Let $G:=\text{SL}(3,\mathbb R)$, equipped with the usual subspace topology, acting on $\mathbb R^3$ by the canonical action. Consider subgroups $\Gamma:=\text{SL}(3,\mathbb Z)$ and $Q_1:=\{g\in G:ge_1=e_1\}$ where $e_1=(1,0,0)$. I wonder how to prove that the product $\Gamma Q_1$ is a closed subset of $G$.
To begin with, let $\gamma_n q_n$ be a sequence in $\Gamma Q_1$ ($\gamma_n \in \Gamma$ and $q_n\in Q_1$) converging to $h\in G$. Consider $\gamma_n q_n e_1=\gamma_n e_1$. We can conclude from here that the first column of $\gamma_n$ with stabilize at some point. But I don't know how to proceed from here. Any other approaches will also be appreciated!
Let $\pi$ be the projection $G\to G/Q_1$.

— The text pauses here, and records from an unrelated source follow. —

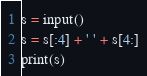Convert code to text. <code><loc_0><loc_0><loc_500><loc_500><_Python_>s = input()
s = s[:4] + ' ' + s[4:]
print(s)</code> 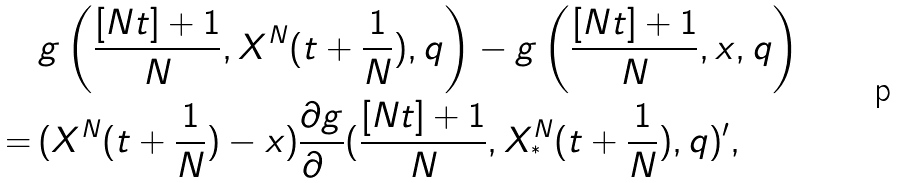Convert formula to latex. <formula><loc_0><loc_0><loc_500><loc_500>& \, g \left ( \frac { [ N t ] + 1 } { N } , X ^ { N } ( t + \frac { 1 } { N } ) , q \right ) - g \left ( \frac { [ N t ] + 1 } { N } , x , q \right ) \\ = & \, ( X ^ { N } ( t + \frac { 1 } { N } ) - x ) \frac { \partial g } { \partial { \mathbf x } } ( \frac { [ N t ] + 1 } { N } , X ^ { N } _ { ^ { * } } ( t + \frac { 1 } { N } ) , q ) ^ { \prime } ,</formula> 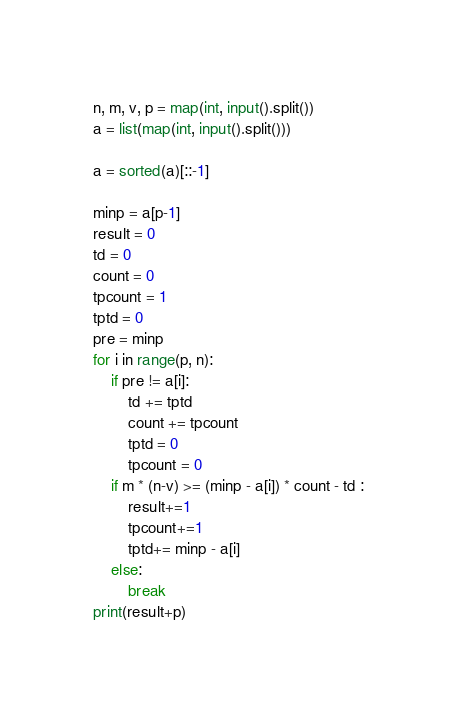<code> <loc_0><loc_0><loc_500><loc_500><_Python_>n, m, v, p = map(int, input().split())
a = list(map(int, input().split()))

a = sorted(a)[::-1]

minp = a[p-1]
result = 0
td = 0
count = 0
tpcount = 1
tptd = 0
pre = minp
for i in range(p, n):
    if pre != a[i]:
        td += tptd
        count += tpcount
        tptd = 0
        tpcount = 0
    if m * (n-v) >= (minp - a[i]) * count - td :
        result+=1
        tpcount+=1
        tptd+= minp - a[i]
    else:
        break
print(result+p)</code>

Then $\Gamma Q_1$ is closed in $G$ iff the orbit $\Gamma\pi(1)$ is closed in $G/Q_1$. Now observe that the map $g\mapsto ge_1$ induces an identification of $G/Q_1$ with $\mathbf{R}^3\smallsetminus\{0\}$, and in this identification, $\pi(1)=e_1$. Now we see that the orbit of $e_1$ is the set of primitive elements in $\mathbf{Z}^3$, which is obviously closed. This proves the result.

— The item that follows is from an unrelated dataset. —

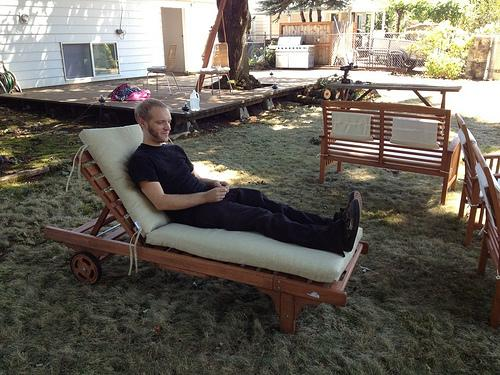Identify five distinct objects in the backyard and provide two adjectives for each of them. Wooden reclining lawn chair - comfortable, padded; Plastic bottle - clear, liquid-filled; Outside barbecue grill - metal, outdoors; Wooden bench - vacant, unoccupied; Green garden hose - coiled, useful. What kind of seats and furniture can you find in the yard, and are they occupied or unoccupied? Wooden reclining lawn chair (occupied by man), wooden bench with white cushions (unoccupied), brown and white chair (unknown occupancy status). Describe the scene depicted in the image with as much detail as possible. A man is laying on a wooden reclining lawn chair with a padded cushion in a backyard, with various outdoor furniture items, such as a wooden bench, white cushion, and grill. The surrounding area is covered in dried grass and there is a house with two windows. What is the man wearing while laying on the chaise lounge? The man is wearing a black shirt and black pants. Describe the condition of the ground in the image and the presence of vegetation. The ground is covered with dried grass clippings, and there does not seem to be a significant amount of vegetation apart from the large brown tree trunk. What does the man seem to be doing, and what type of chair is he laying on? The man appears to be relaxing on a wooden reclining lawn chair with a padded cushion and wheels at the head of it. Comment on the connection between the bench and the chaise lounge. The bench and the chaise lounge are both made of wood, and they are available in the backyard. However, while the bench is empty, the chaise lounge is currently in use by the man. 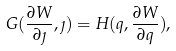<formula> <loc_0><loc_0><loc_500><loc_500>G ( \frac { \partial W } { \partial \eta } , \eta ) = H ( q , \frac { \partial W } { \partial q } ) ,</formula>

Now this can be translated to a more pedestrian proof. Let $g_n=\gamma_nq_n$ converge to $h$. Then $\gamma_ne_1=\gamma_nq_ne_1$ tends to $he_1$. Since $\gamma_ne_1$ converges and also belongs to the closed discrete subset $\mathbf{Z}^3$, we deduce that for $n$ large enough (as we now assume), it is constant, say equal to $\gamma e_1$ for some given $\gamma$. So $\gamma_ne_1=\gamma e_1$, which implies $\gamma^{-1}\gamma_n\in Q_1$, that is, $\gamma_n=\gamma q'_n$. So $\gamma^{-1}g_n=q'_nq_n$ converges, say to $q\in Q_1$. Thus $g_n$ converges to $\gamma q$, and hence $h=\gamma q\in \Gamma Q_1$.